TASK DESCRIPTION: Exactly as they appear, copy the lines of the listing from the one containing "text Burgemeester en wethouders van Eijsden-Margraten maken" through the final line, both included, and nothing else.

RECORD SET:

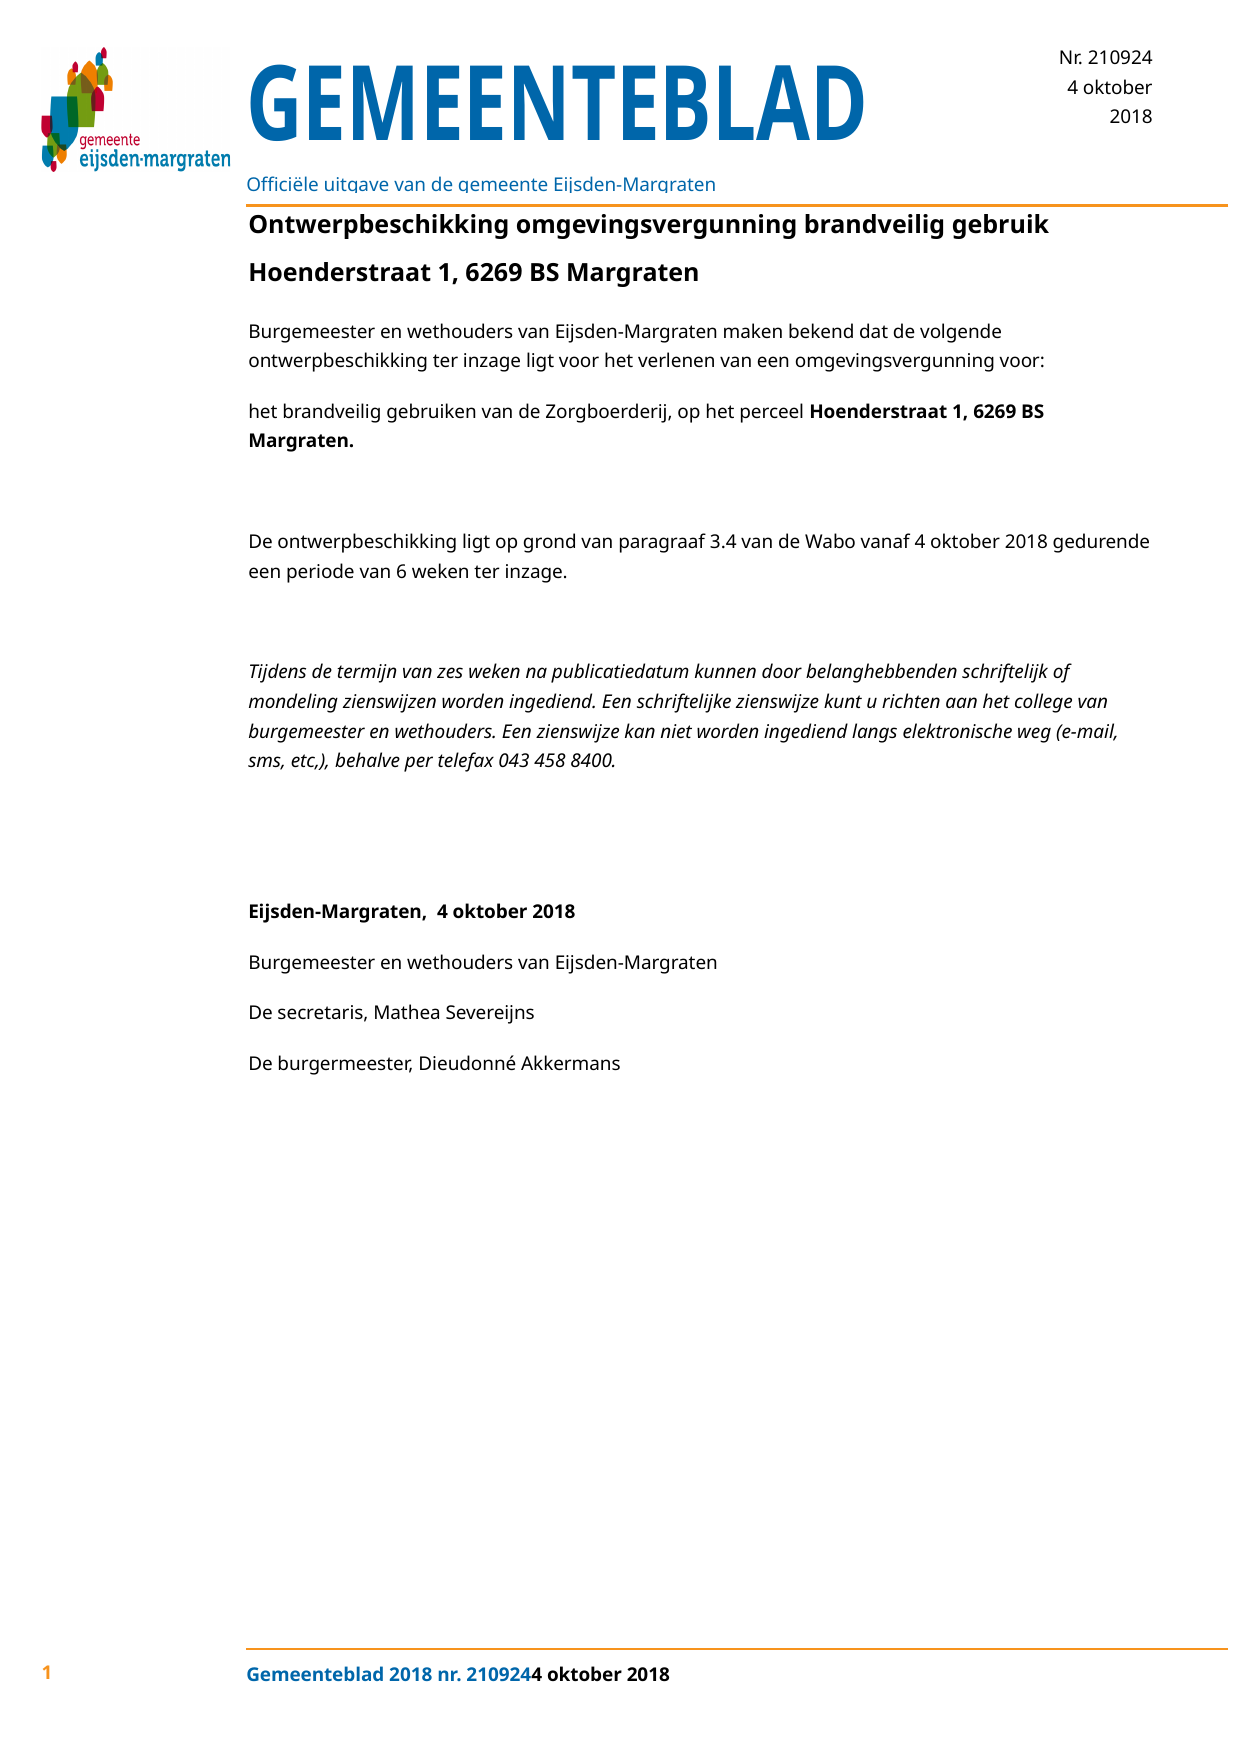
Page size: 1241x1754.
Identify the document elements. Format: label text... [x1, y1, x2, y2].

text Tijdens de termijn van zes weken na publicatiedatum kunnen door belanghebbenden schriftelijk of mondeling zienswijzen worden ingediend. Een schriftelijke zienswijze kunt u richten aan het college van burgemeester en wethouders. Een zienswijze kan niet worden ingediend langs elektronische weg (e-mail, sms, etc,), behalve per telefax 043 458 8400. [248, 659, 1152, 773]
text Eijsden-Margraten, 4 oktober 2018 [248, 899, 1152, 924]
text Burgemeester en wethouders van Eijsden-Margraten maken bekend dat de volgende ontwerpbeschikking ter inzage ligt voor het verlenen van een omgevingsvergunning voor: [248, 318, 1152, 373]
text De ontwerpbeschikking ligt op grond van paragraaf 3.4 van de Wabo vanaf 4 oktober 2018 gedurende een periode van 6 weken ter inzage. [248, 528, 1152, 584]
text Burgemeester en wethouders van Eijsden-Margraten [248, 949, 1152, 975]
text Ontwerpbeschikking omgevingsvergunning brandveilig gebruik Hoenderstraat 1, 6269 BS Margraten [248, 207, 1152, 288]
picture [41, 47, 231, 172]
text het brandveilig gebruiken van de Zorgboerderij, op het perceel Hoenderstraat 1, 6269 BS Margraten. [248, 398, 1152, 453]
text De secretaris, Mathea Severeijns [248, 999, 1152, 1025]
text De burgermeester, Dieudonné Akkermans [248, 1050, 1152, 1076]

OUTPUT OF THE TASK:
text Burgemeester en wethouders van Eijsden-Margraten maken bekend dat de volgende ontwerpbeschikking ter inzage ligt voor het verlenen van een omgevingsvergunning voor: [248, 318, 1152, 373]
text De ontwerpbeschikking ligt op grond van paragraaf 3.4 van de Wabo vanaf 4 oktober 2018 gedurende een periode van 6 weken ter inzage. [248, 528, 1152, 584]
text Burgemeester en wethouders van Eijsden-Margraten [248, 949, 1152, 975]
text Ontwerpbeschikking omgevingsvergunning brandveilig gebruik Hoenderstraat 1, 6269 BS Margraten [248, 207, 1152, 288]
picture [41, 47, 231, 172]
text het brandveilig gebruiken van de Zorgboerderij, op het perceel Hoenderstraat 1, 6269 BS Margraten. [248, 398, 1152, 453]
text De secretaris, Mathea Severeijns [248, 999, 1152, 1025]
text De burgermeester, Dieudonné Akkermans [248, 1050, 1152, 1076]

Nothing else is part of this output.